Bregal Sphere, part of Bregal Investments, just committed up to $500 million to nature restoration company Imperative’s global pipeline of ecosystem restoration projects. That brings total capital earmarked for Imperative’s work to $1.25 billion.

Half a billion dollars. For planting trees, restoring mangroves, and bringing degraded landscapes back to life. In Africa, Asia, and Latin America. This is the kind of capital flow that CDR has been waiting for.

The Flagship: Spekboom in South Africa

Imperative’s most advanced project is Beka Emva, a large-scale restoration of the degraded subtropical thicket biome in South Africa. The star of the show: Portulacaria afra, commonly known as spekboom.

Spekboom is a succulent native to the Eastern Cape that’s remarkably efficient at sequestering carbon — some studies suggest it can capture more CO₂ per hectare than tropical rainforest. The subtropical thicket biome it belongs to once covered vast areas of South Africa before overgrazing degraded it. Restoring it with spekboom is a rare win-win-win: carbon removal, biodiversity restoration, and community employment.

Beyond South Africa

The partnership isn’t limited to one project. Imperative is developing a global network of reforestation and mangrove restoration projects across three continents. The first project commitment under the Bregal Sphere deal is expected by mid-2026.

Bregal Sphere has secured a right of first refusal to deploy funds across Imperative’s future projects — essentially locking in priority access to a pipeline of restoration opportunities as they mature.

“This partnership reflects our conviction that high-integrity, landscape-scale restoration can deliver meaningful environmental impact alongside long-term value,” said Agustin Silvani, Managing Partner at Bregal Sphere.

Why the Global South Matters

Most CDR investment flows to projects in North America and Europe. But the highest-impact restoration opportunities — degraded tropical forests, mangrove coastlines, arid biomes — sit overwhelmingly in the Global South. The economics are different too: land costs are lower, labor is available, and the co-benefits (biodiversity, livelihoods, coastal protection) are enormous.

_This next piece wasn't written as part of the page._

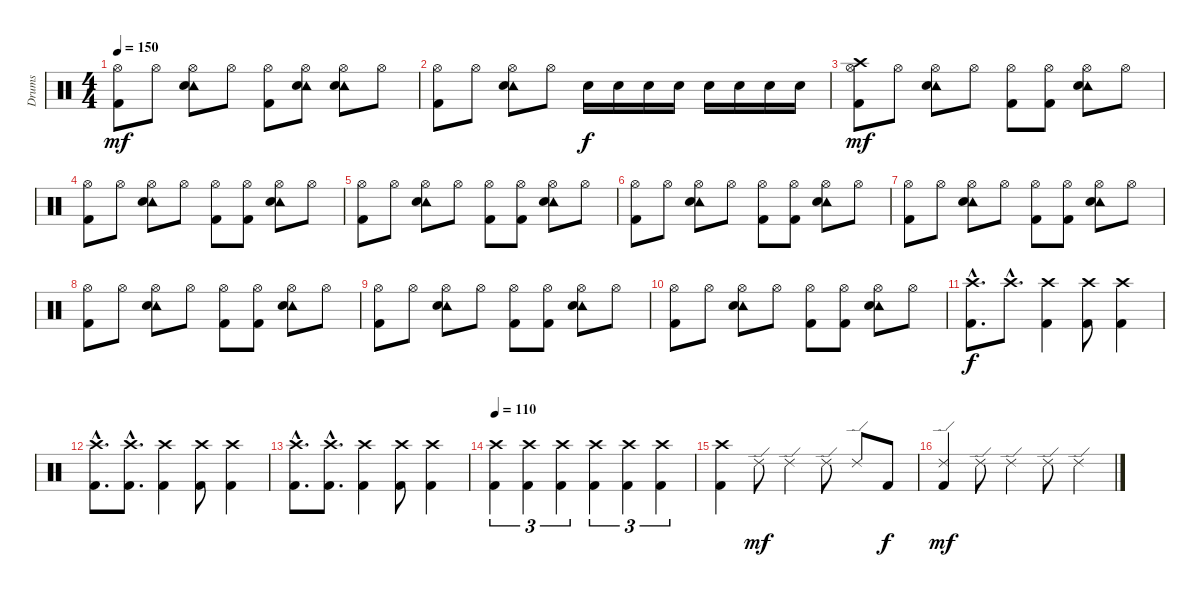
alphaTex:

The challenge has always been institutional capital. Restoration projects in Africa and Latin America struggle to attract the kind of patient, large-scale funding that comparable projects in the US or EU can access. Bregal Sphere’s $500 million commitment directly addresses that gap.

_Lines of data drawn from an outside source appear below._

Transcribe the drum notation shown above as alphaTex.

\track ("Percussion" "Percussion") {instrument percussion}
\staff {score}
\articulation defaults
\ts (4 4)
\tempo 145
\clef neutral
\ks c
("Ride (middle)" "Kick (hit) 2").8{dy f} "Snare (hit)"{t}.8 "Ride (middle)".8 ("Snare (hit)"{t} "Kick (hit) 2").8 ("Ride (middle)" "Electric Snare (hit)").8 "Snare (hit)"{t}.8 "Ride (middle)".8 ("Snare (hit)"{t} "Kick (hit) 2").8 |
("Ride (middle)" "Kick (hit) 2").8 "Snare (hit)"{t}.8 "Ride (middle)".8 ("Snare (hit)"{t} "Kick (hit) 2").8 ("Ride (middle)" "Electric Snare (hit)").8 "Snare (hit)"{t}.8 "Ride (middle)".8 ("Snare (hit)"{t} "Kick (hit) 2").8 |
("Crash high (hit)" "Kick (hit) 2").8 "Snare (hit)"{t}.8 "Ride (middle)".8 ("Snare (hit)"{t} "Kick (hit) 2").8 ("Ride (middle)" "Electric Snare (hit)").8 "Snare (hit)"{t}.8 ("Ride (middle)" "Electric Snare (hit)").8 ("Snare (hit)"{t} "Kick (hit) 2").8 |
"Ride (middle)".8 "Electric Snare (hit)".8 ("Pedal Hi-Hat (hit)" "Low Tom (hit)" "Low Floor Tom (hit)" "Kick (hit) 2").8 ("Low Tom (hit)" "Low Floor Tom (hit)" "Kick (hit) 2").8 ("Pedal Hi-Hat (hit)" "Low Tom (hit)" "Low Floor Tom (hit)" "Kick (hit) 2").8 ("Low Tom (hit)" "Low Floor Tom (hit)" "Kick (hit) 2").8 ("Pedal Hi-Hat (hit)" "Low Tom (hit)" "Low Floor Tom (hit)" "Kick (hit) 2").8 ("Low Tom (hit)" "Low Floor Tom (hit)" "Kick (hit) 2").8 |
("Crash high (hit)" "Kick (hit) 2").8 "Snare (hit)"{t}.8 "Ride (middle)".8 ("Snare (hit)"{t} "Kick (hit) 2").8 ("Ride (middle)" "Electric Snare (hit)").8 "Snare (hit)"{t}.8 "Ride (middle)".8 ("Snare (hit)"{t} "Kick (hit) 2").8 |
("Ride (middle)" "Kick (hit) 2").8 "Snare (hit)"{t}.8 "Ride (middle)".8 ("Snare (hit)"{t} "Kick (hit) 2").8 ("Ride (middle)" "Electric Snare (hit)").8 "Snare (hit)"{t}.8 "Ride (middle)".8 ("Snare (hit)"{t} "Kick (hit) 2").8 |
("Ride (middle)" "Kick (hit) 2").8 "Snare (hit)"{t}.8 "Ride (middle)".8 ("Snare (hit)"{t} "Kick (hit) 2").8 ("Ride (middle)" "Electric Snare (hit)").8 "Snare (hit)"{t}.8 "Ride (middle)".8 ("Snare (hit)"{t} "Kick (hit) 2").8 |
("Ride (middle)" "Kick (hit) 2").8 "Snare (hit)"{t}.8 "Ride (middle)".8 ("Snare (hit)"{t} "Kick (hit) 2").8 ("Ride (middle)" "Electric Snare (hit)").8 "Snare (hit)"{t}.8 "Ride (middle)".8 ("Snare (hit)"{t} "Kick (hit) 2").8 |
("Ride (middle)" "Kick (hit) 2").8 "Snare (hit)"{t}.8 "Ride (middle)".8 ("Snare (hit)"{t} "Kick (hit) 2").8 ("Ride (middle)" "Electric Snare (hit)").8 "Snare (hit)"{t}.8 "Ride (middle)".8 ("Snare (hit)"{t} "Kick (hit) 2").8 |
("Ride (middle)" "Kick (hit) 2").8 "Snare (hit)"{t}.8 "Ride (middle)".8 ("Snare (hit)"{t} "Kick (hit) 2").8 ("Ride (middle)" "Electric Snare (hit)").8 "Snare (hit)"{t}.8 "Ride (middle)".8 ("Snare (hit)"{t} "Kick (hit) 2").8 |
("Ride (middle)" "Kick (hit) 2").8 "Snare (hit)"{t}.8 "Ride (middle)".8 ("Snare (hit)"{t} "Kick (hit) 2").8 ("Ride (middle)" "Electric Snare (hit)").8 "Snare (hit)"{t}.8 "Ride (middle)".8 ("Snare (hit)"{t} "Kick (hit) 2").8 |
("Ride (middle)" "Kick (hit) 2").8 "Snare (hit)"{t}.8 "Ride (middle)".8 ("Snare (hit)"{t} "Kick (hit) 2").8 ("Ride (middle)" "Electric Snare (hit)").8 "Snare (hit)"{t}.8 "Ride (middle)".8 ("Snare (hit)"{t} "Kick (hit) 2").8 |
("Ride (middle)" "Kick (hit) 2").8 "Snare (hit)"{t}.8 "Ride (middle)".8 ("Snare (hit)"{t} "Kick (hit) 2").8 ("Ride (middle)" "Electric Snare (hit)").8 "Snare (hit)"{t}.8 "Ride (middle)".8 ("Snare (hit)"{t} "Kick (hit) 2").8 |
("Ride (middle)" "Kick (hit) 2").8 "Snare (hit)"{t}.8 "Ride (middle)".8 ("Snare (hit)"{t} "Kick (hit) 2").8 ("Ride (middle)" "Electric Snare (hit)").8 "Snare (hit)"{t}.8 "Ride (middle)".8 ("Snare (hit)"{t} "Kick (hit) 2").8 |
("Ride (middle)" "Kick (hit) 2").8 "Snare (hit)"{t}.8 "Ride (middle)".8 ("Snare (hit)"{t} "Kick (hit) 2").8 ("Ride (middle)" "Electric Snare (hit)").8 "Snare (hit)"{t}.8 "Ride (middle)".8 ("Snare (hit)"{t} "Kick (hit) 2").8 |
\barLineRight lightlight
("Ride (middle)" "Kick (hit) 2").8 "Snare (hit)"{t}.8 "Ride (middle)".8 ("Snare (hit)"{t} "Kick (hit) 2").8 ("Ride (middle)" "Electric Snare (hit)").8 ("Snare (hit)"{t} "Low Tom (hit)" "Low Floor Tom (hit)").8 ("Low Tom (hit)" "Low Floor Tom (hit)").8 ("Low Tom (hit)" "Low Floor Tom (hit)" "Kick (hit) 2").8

The Permanence and Quality Debate

Nature-based restoration projects face legitimate scrutiny around permanence, additionality, and carbon accounting. Trees can burn. Mangroves can be bulldozed. Social dynamics can shift.

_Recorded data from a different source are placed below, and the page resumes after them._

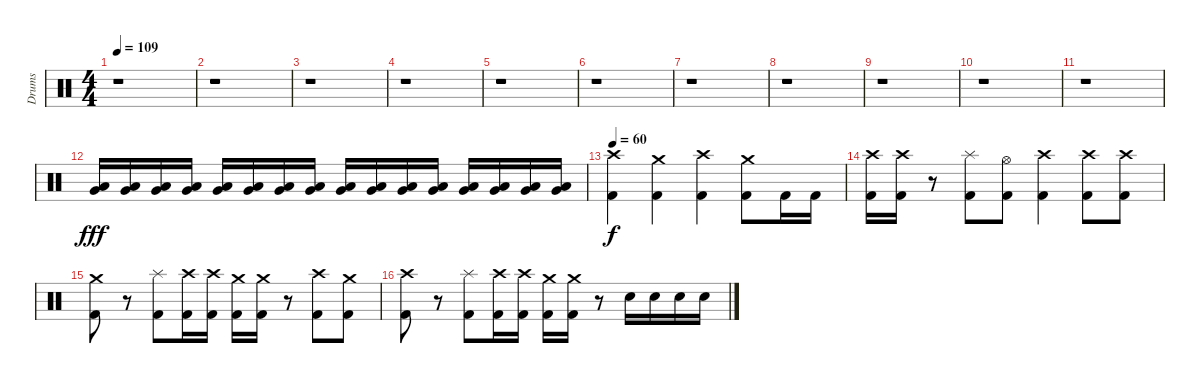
\track ("Drums" "Drums") {instrument percussion}
\staff {score}
\articulation defaults
\ts (4 4)
\tempo 109
\tempo 60
\tempo 109
\clef neutral
\ks c
r.1{dy fff} |
r.1 |
r.1 |
r.1 |
r.1 |
r.1 |
r.1 |
r.1 |
r.1 |
r.1 |
r.1 |
("Low Tom (hit)" "Very Low Tom (hit)").16 ("Low Tom (hit)" "Very Low Tom (hit)").16 ("Low Tom (hit)" "Very Low Tom (hit)").16 ("Low Tom (hit)" "Very Low Tom (hit)").16 ("Low Tom (hit)" "Very Low Tom (hit)").16 ("Low Tom (hit)" "Very Low Tom (hit)").16 ("Low Tom (hit)" "Very Low Tom (hit)").16 ("Low Tom (hit)" "Very Low Tom (hit)").16 ("Low Tom (hit)" "Very Low Tom (hit)").16 ("Low Tom (hit)" "Very Low Tom (hit)").16 ("Low Tom (hit)" "Very Low Tom (hit)").16 ("Low Tom (hit)" "Very Low Tom (hit)").16 ("Low Tom (hit)" "Very Low Tom (hit)").16 ("Low Tom (hit)" "Very Low Tom (hit)").16 ("Low Tom (hit)" "Very Low Tom (hit)").16 ("Low Tom (hit)" "Very Low Tom (hit)").16 |
\tempo 60
("Crash high (hit)" "Kick (hit) 2").4{dy f} ("Crash medium (hit)" "Kick (hit) 2").4 ("Crash high (hit)" "Kick (hit) 2").4 ("Crash medium (hit)" "Kick (hit) 2").8 "Kick (hit) 2".16 "Kick (hit) 2".16 |
("Crash high (hit)" "Kick (hit) 2").16 ("Crash high (hit)" "Kick (hit) 2").16 r.8 ("Splash (hit)" "Kick (hit) 2").8 ("Hi-Hat (open)" "Kick (hit) 2").8 ("Crash high (hit)" "Kick (hit) 2").4 ("Crash high (hit)" "Kick (hit) 2").8 ("Crash high (hit)" "Kick (hit) 2").8 |
("Crash medium (hit)" "Kick (hit) 2").8 r.8 ("Splash (hit)" "Kick (hit) 2").8 ("Crash high (hit)" "Kick (hit) 2").16 ("Crash high (hit)" "Kick (hit) 2").16 ("Crash medium (hit)" "Kick (hit) 2").16 ("Crash medium (hit)" "Kick (hit) 2").16 r.8 ("Crash high (hit)" "Kick (hit) 2").8 ("Crash medium (hit)" "Kick (hit) 2").8 |
("Crash high (hit)" "Kick (hit) 2").8 r.8 ("Splash (hit)" "Kick (hit) 2").8 ("Crash high (hit)" "Kick (hit) 2").16 ("Crash high (hit)" "Kick (hit) 2").16 ("Crash medium (hit)" "Kick (hit) 2").16 ("Crash medium (hit)" "Kick (hit) 2").16 r.8 "Snare (hit) 2".16 "Snare (hit) 2".16 "Snare (hit) 2".16 "Snare (hit) 2".16

Imperative positions itself as “next-gen” — focused on high-integrity projects that deliver measurable carbon removal alongside nature, climate, and social co-benefits. Whether that translates into credits that meet the most stringent MRV standards remains to be proven at this scale.

But $1.25 billion in committed capital suggests the market is betting that large-scale, well-managed ecosystem restoration can deliver both impact and returns. That’s a signal worth watching.